Option number two is be a monk, and get to level 4 as fast as possible. At that level monks acquire the ability “slow fall”, which lets them use their reaction to reduce falling damage by five times their monk level. That means starting at level 4 they can swan dive off 30 foot high buildings and still not have to worry about getting hurt when they land.

A slightly more reliable method is having a magic user around. Feather fall is the most obvious spell that most people recall when preventing fall damage comes up in discussion, but levitate is also viable. The spell states that when the spell ends, the target “floats gently to the ground”, and that’s apparently regardless of height.

The other magical solutions are riskier. Gaseous form and Fly both give the target a fly speed, which would let them recover from falling. However, both spells require touch casting, so unless the caster is a sorcerer with metamagic they’d have to dive off the ledge with you to cast it, and then they’re in the same predicament.

Tenser’s Floating Disk would break their fall, but it’s still a hard surface and you have to catch them before they fall more than 30 feet. Telekinesis at least has some better range to it, but you have to make sure you can get them to a ledge before the spell wears off; unlike Levitate, Telekinesis has no “soft landing” feature built in. Investiture of Wind would work, but apart from being a 6th level spell it only works on the caster and, again, you’d have to cast it before you hit the ground. Finally you have Wind Walk, another 6th leveler that grabs up to 10 creatures and turns them into floating gas, but, again, timing is everything.

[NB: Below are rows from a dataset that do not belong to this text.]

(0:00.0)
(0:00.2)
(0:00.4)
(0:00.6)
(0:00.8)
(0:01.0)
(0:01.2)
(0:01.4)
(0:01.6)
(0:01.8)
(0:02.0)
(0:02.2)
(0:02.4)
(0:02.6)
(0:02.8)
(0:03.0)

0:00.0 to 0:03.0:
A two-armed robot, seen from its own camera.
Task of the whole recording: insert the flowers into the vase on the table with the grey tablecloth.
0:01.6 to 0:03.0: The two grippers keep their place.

It’s not stated officially in any rules, but it’s generally assumed that any form of teleporting ignores momentum. Note I did not say they conserve or negate momentum; they ignore it. This is mostly done for DM sanity.

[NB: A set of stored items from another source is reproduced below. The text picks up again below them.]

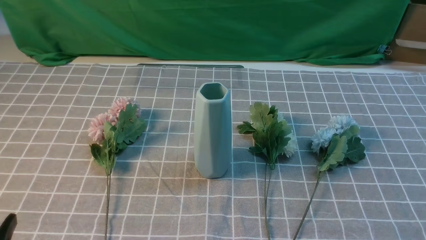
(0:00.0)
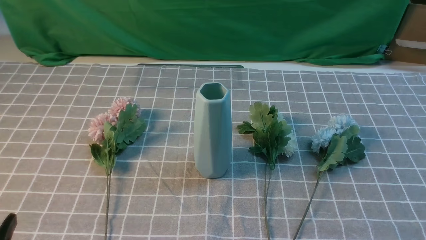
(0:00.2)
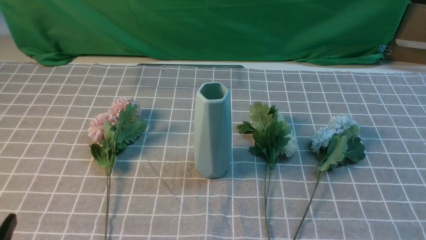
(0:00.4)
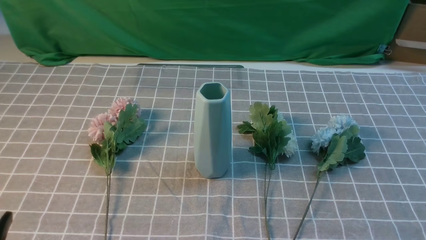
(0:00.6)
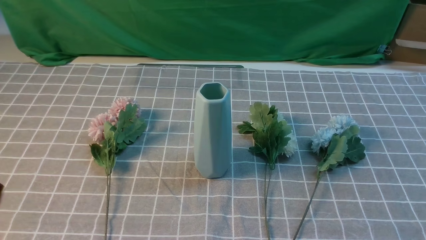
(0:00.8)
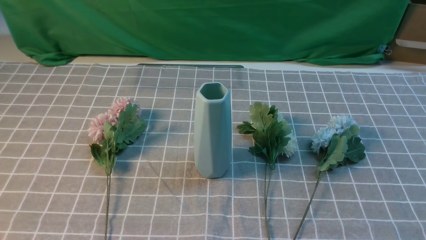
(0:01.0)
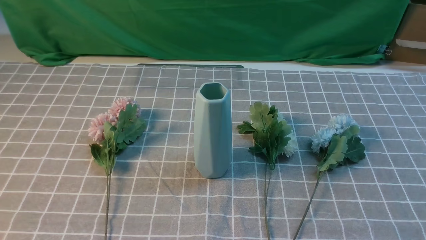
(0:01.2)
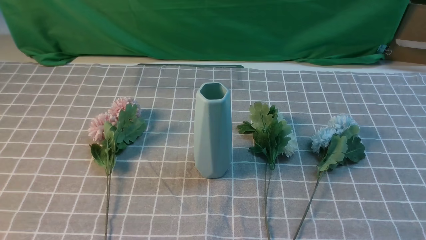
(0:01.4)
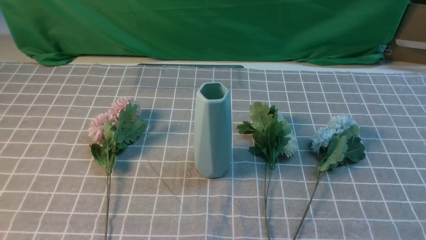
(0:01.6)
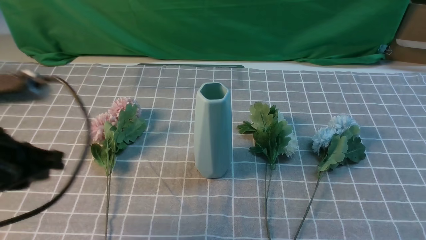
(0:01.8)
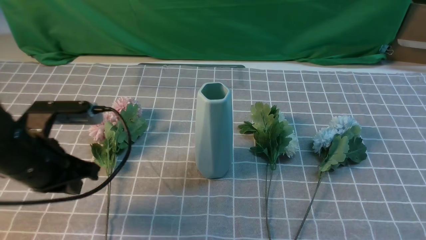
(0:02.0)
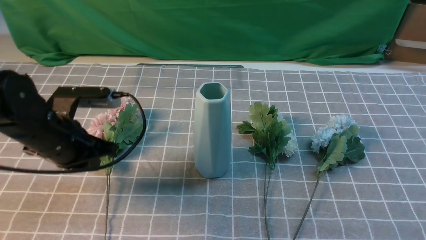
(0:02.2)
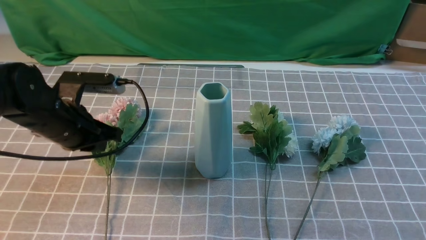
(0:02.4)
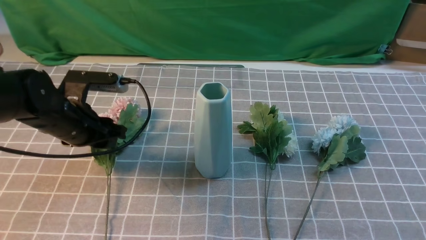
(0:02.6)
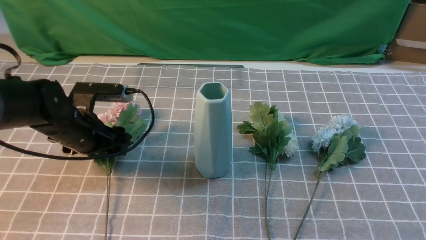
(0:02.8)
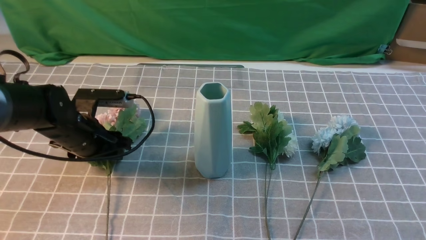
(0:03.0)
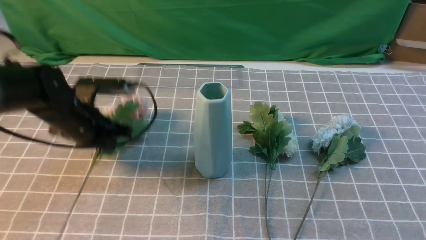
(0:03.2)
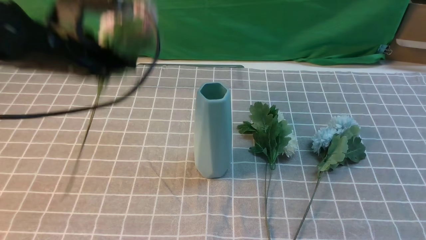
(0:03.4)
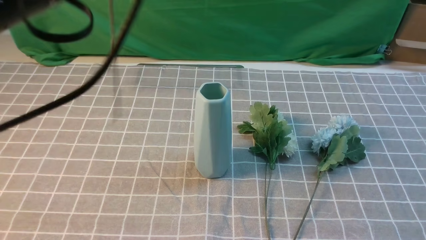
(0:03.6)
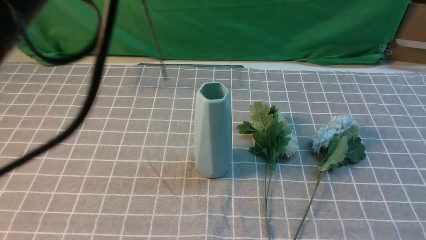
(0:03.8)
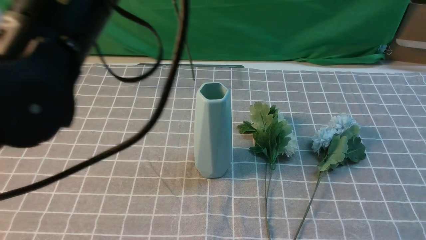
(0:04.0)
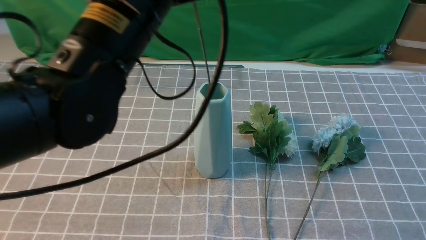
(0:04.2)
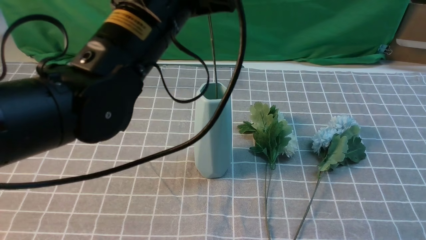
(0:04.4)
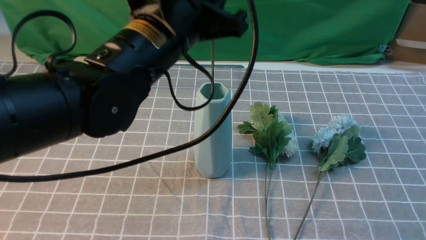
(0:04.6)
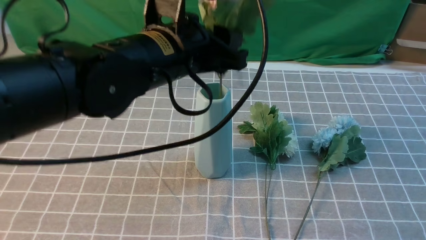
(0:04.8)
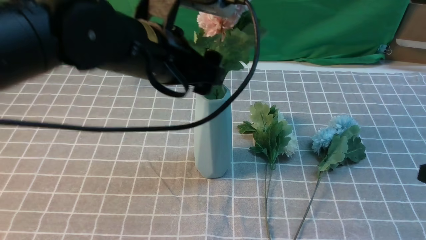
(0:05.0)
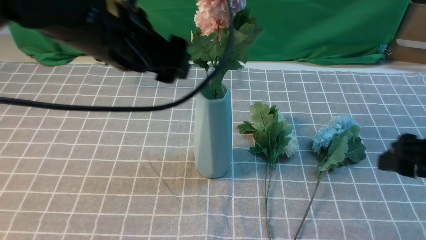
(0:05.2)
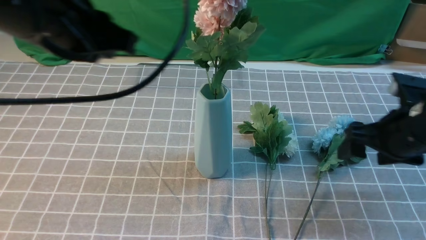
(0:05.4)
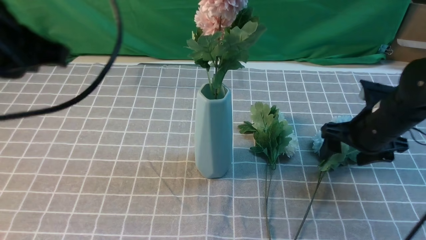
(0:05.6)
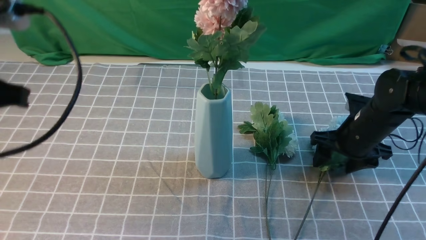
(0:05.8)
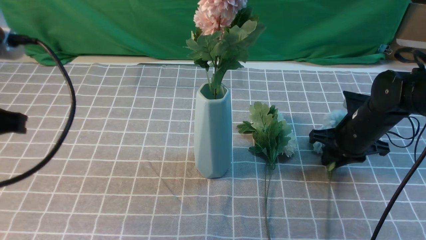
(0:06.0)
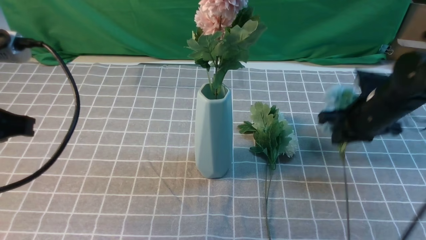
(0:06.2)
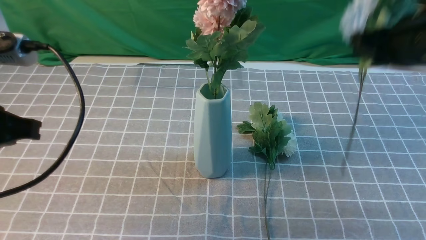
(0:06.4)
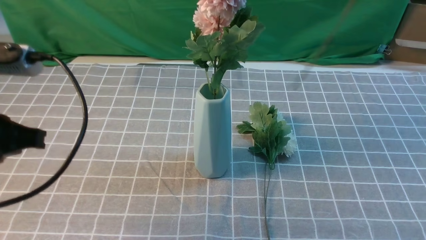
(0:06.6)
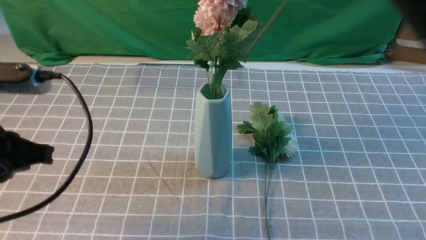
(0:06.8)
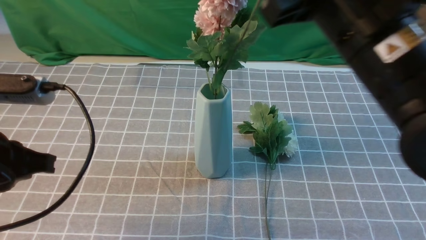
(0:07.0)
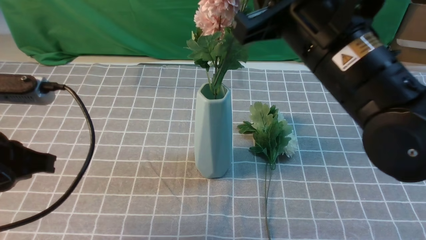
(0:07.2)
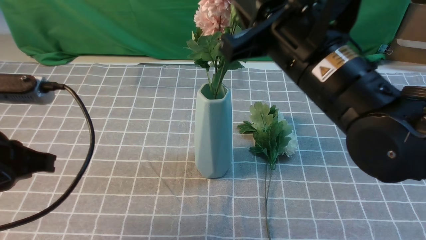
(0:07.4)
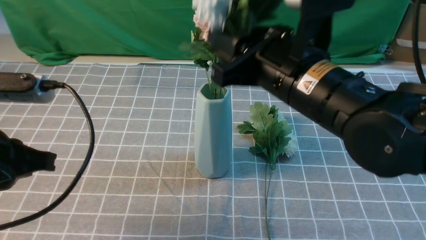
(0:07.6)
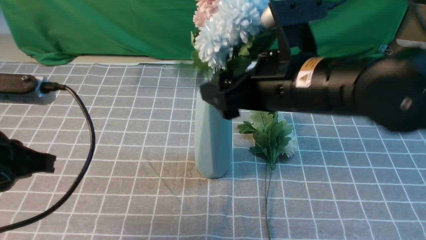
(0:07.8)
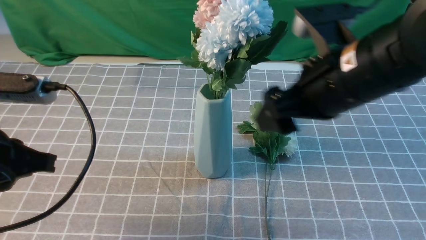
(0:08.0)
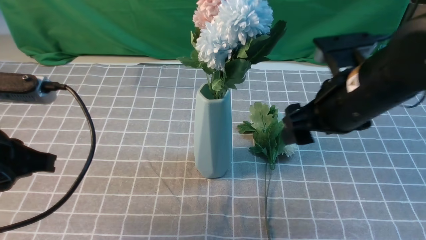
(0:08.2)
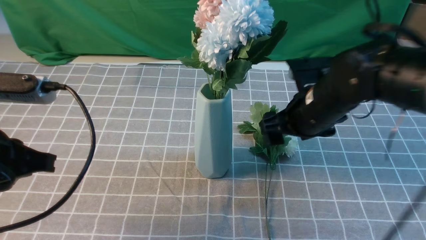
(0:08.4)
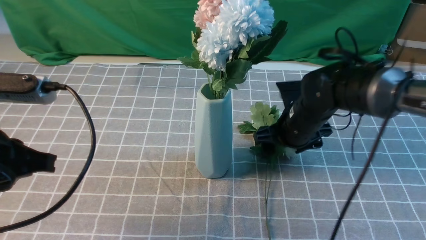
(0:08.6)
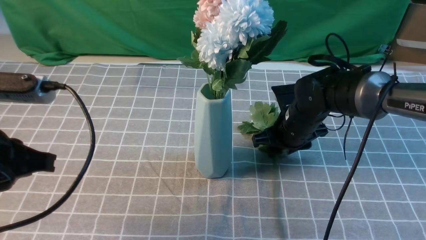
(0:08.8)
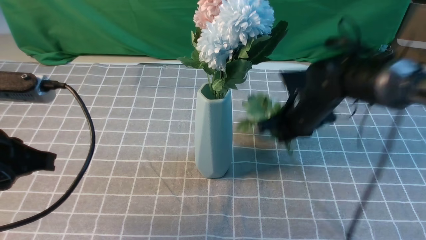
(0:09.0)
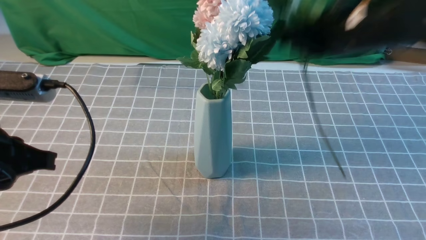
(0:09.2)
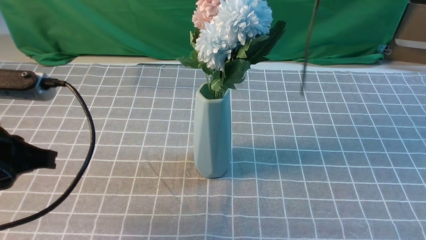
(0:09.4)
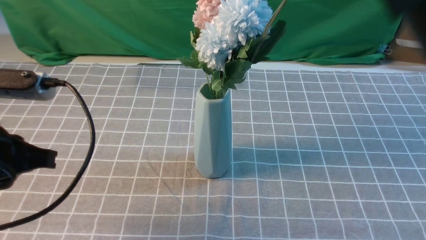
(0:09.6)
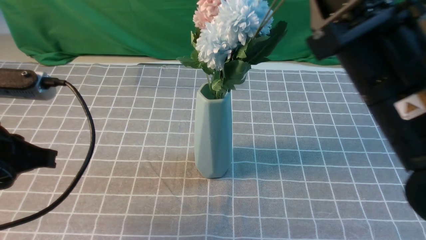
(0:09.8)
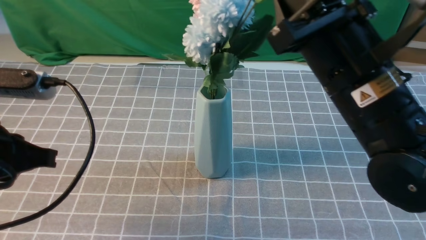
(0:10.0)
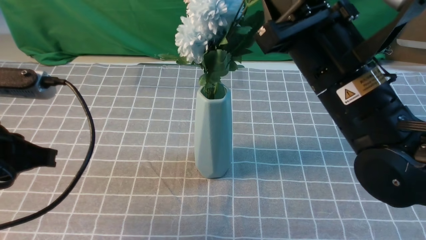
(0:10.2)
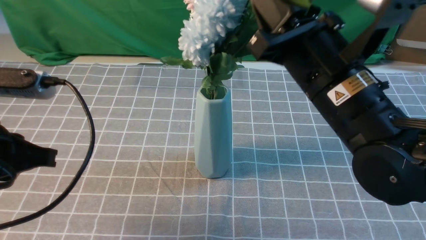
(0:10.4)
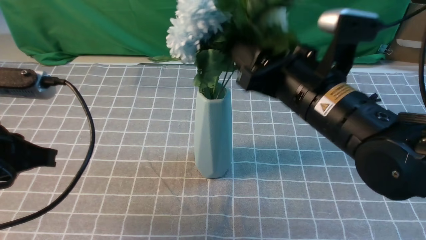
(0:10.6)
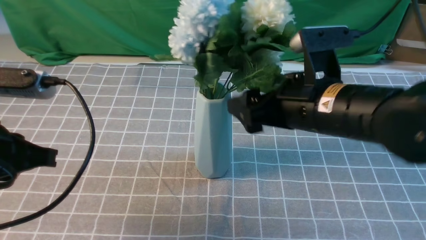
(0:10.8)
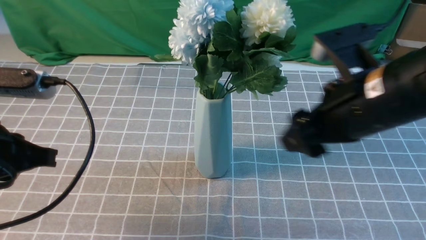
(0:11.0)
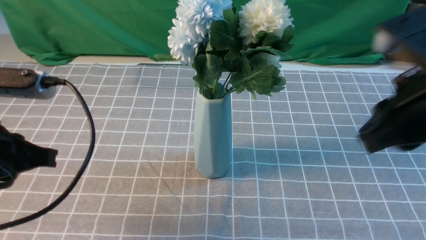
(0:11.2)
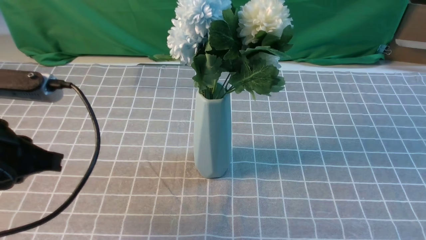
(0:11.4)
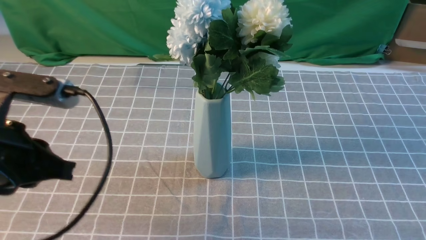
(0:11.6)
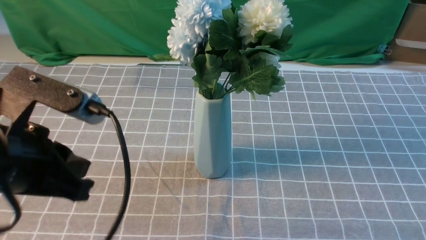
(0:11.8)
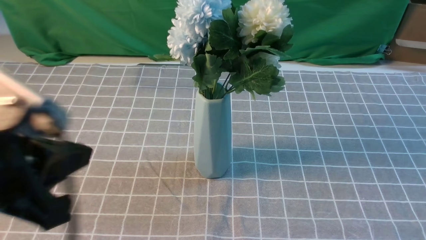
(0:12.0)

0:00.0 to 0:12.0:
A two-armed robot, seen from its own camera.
Task of the whole recording: insert the flowers into the vase on the table with the grey tablecloth.
Step, 0:00.0 to 0:03.0: use the left arm to grab a bunch of fresh flowers.
Step, 0:03.2 to 0:05.0: use the left arm to insert the flowers into the vase.
Step, 0:05.2 to 0:06.0: use the right arm to grab a bunch of fresh flowers.
Step, 0:06.2 to 0:07.8: use the right arm to insert the flowers into the vase.
Step, 0:08.0 to 0:08.8: use the right arm to grab a bunch of fresh flowers.
Step, 0:09.0 to 0:10.8: use the right arm to insert the flowers into the vase.
0:01.6 to 0:03.0: The left gripper shifts roughly 25 cm forward and downward, and opens up. Meanwhile the right gripper is displaced forward and upward by approximately 10 cm.
0:03.0 to 0:04.4: The left gripper is displaced upward and to the right by some 25 cm, and closes its fingers.
0:04.4 to 0:06.0: The left gripper shifts some 20 cm to the left and backward, and opens, then closes again, while the right gripper is displaced forward and downward by approximately 25 cm, and opens, then closes again.
0:06.0 to 0:07.6: The right gripper shifts some 25 cm upward, to the left and backward, while the left gripper moves some 5 cm.
0:07.6 to 0:09.0: The right gripper shifts some 15 cm forward, downward and to the right, and closes its fingers.
0:09.0 to 0:10.4: The right gripper is displaced backward and upward by about 15 cm.
0:10.4 to 0:12.0: The left gripper travels backward by some 10 cm, while the right gripper travels backward and to the right by approximately 30 cm, and opens and closes again.

The problem is that if you assume teleportation cancels out all momentum, you have to deal with the players I like to set on fire. They’ll point out, usually after your star villain makes a crafty escape, that someone who is made completely motionless while teleporting will have their feet and legs sanded off when they land on a planet whose surface spins at 18 miles per second.

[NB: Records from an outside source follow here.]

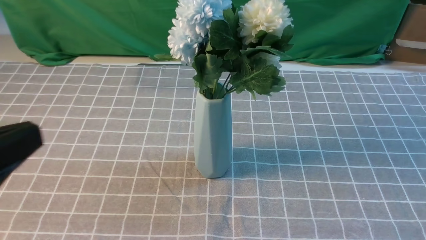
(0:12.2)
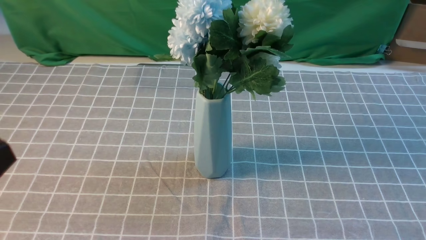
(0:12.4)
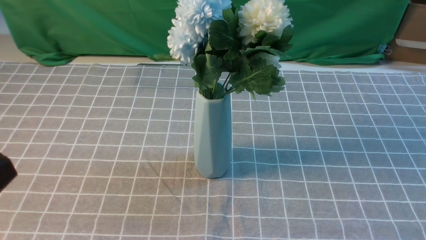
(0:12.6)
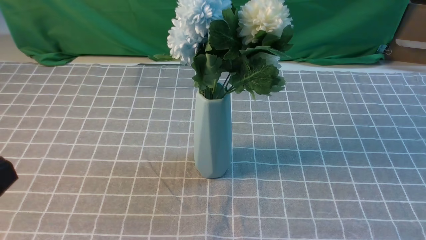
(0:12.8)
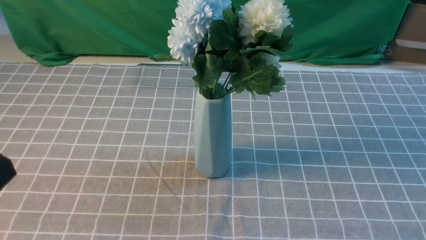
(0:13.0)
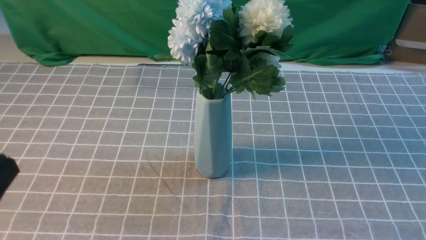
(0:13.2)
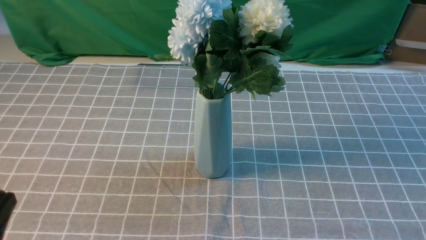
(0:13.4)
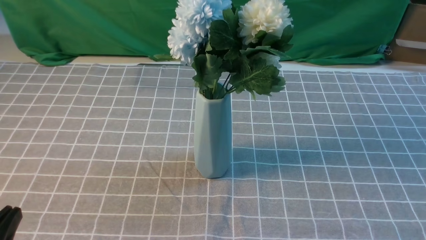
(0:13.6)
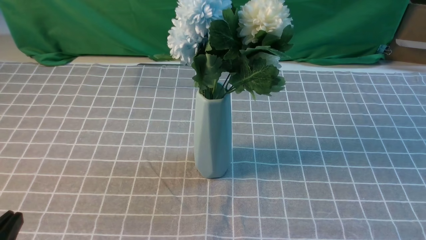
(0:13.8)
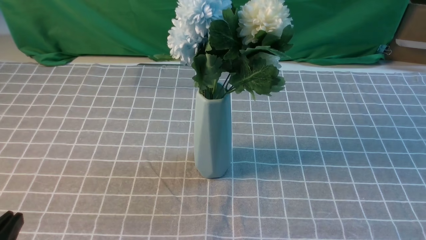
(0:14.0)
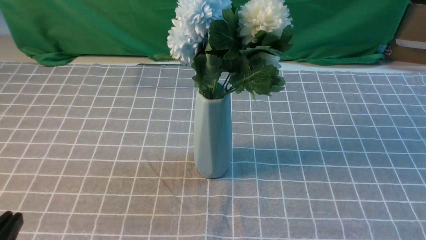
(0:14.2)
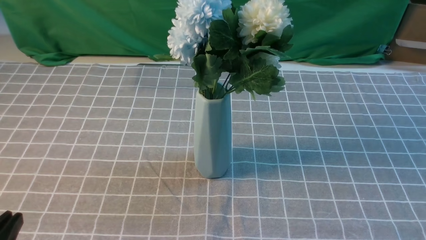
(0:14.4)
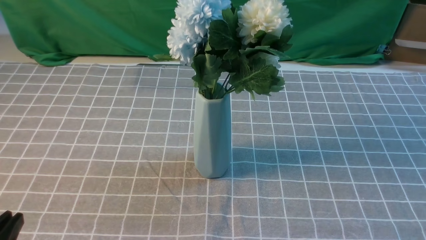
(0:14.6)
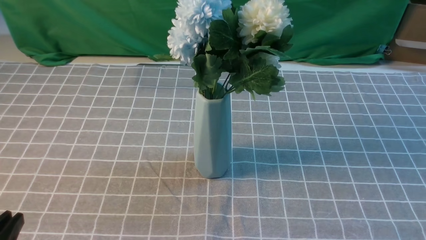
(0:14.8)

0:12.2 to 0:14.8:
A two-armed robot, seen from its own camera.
Task of the whole recording: insert the flowers into the vase on the table with the grey tablecloth.
0:12.2 to 0:13.4: The left gripper heads downward, covering approximately 15 cm.

On the other hand if you say the teleport spells *conserve* momentum, then all the amateur or professional engineers in your player group will start giggling like schoolgirls and start setting up teleportation runes at the bottoms of high cliffs with the other end pointed at the impregnable castle. Then they start asking you if dwarves know how to mine tungsten and hand you a sheet of calculations with “Kinetic bombardment” written on the top and you have to find a new player group after you hide the bodies. For everyone’s sake, there’s a sort of universal truce where everyone assumes that teleportation just places you wherever the spell says, and nobody worries about how you were moving before that happened. That leaves a loophole where teleportation can cancel out falling damage, but most DMs would rather deal with that than everything about conservation of momentum.

Or, you know, just play in Eberron. Before every adventure that isn’t taking place on flat plains, hop on the lightning rail and take a trip to Sharn, where they hand out feather-fall tokens like commemorative T-shirts. You’re welcome.